Letter to the editor: Kent knows little about district’s timber, fishing economy

Posted

I am writing to you because I am a 58-year-old lifelong resident of the lower Columbia River — a continental river drainage that happens to be in a temperate rainforest — and concerned for what a Joe Kent in Congress for Washington’s 3rd District really means to my community.

I do my own due-diligence in choosing a primary candidate because I am a former veteran, retired from the U.S. Forest Service, and politically, a moderate educated independent. I contacted the Kent campaign in June of 2022 with questions during the primary campaign and am stunned with how little Kent is familiar with the district’s timber and fishing economy that he hopes to represent.

Kent thinks:

  • All timber mills in the district (Carson, Chehalis, Longview, Redmond, Mossyrock are examples I mentioned) are tooled for cutting 10-inch diameter Douglas fir old growth. (None of them are.)
  • Roads currently exist in old growth wilderness areas allowing for easy logging.
  • He’s never heard of the term NEPA/SEPA and is unfamiliar with the process. 
  • Yacolt burn area still has old growth timber today and he lives in Yacolt. 
  • Wants to compete head-to-head in timber sales with Weyerhaeuser, yet doesn’t recognize it as socialistic or communistic to have the federal government try to compete, possibly bankrupting a large local employer.
  • Called the Northern Spotted Owl an invasive species, while not being able to list a single actual listed species native to the district.
  • Does not know Skamania County is entirely (almost) a National Forest and is unaware that rural Skamania County gets its schools funding from the U.S. Forest Service.
  • He has never heard the term of FERC or that there is a management and monitoring process for the relicensing of the PacificCorps Lewis River and Tacoma Power Cowlitz River dams. 
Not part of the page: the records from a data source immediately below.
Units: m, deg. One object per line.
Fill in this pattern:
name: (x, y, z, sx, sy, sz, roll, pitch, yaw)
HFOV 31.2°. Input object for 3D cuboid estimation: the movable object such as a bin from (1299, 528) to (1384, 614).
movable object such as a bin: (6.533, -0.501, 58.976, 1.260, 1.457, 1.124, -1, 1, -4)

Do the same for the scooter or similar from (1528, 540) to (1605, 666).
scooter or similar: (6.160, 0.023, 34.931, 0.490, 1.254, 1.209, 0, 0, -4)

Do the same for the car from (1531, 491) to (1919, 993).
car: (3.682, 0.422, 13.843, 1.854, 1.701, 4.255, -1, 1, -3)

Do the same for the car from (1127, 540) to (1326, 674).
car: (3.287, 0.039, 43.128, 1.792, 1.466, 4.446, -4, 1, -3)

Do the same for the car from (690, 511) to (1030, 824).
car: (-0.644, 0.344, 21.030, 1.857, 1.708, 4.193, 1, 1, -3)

In addition to Kent’s lack of understanding of the economic environment of this district, Kent has no respect for public property or the laws to protect it, as evidenced when the Kent campaign vandalized a chain link fence at milepost 5 on Highway 14 in Vancouver to install a Kent for Congress sign. 

I am in fear that Kent will get elected without any understanding, awareness and knowledge of what it means to live in a downstream community of a continental river drainage that happens to be in a temperate rainforest. Those words got lost on Kent, or at least his campaign manager/staffer that is the POC on the Kent for Congress webpage where I started my due diligence.
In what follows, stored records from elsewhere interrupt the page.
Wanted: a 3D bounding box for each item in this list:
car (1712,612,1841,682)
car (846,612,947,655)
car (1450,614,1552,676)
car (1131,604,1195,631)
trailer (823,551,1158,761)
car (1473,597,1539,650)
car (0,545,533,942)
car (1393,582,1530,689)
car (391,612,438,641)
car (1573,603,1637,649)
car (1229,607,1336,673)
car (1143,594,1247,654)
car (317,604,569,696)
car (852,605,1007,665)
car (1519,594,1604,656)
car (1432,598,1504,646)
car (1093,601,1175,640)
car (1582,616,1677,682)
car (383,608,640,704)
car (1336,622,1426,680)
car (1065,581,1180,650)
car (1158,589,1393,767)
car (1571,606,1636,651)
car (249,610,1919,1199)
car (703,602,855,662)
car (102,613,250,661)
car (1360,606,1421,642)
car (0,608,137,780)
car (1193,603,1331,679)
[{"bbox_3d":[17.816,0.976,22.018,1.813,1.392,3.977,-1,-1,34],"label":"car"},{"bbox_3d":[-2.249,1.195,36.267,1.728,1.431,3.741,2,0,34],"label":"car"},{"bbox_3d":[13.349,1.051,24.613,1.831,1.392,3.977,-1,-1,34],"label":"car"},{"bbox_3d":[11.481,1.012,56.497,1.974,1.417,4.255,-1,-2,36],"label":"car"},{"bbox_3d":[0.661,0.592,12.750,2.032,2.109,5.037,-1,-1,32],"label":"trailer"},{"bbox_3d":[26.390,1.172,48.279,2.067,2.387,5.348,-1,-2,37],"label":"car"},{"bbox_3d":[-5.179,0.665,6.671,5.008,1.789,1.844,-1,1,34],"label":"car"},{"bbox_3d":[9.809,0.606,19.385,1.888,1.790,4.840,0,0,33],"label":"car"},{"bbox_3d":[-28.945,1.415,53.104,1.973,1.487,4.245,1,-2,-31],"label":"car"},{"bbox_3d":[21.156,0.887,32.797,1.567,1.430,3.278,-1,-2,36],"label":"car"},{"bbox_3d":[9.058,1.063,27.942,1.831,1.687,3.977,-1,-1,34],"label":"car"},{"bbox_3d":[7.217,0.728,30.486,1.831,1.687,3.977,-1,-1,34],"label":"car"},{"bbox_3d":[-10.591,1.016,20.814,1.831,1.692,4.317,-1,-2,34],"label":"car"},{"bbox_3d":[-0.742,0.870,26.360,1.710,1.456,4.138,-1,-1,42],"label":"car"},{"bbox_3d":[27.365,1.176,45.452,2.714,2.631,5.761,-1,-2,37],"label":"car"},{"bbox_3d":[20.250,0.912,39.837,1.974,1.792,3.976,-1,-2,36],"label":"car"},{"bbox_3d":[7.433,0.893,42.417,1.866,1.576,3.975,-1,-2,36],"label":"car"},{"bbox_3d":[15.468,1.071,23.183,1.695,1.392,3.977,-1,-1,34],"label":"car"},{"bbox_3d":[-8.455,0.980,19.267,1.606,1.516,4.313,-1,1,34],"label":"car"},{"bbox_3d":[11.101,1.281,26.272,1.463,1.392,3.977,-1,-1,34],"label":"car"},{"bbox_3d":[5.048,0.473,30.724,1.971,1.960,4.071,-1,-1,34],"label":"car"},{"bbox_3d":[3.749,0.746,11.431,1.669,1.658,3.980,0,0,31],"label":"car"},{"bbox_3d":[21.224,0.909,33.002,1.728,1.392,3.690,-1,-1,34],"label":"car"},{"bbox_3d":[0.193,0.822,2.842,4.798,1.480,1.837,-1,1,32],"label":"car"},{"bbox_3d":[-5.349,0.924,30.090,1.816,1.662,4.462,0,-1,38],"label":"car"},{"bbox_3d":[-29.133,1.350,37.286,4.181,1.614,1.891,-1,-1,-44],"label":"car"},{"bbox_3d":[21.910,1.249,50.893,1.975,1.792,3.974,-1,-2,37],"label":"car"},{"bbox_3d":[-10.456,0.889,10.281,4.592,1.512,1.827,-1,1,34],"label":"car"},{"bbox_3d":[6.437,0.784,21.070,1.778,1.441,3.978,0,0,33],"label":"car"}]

I respect the honor and integrity of real journalism which is why I plead to you. I hope that in upcoming interviews, debates and opportunities you have in speaking with both Marie Gluesenkamp Perez and Kent that you forcefully tease out the specific details about their understanding of problems, ideas and solutions for WA3, and call out any candidate for their lack of respect to public property.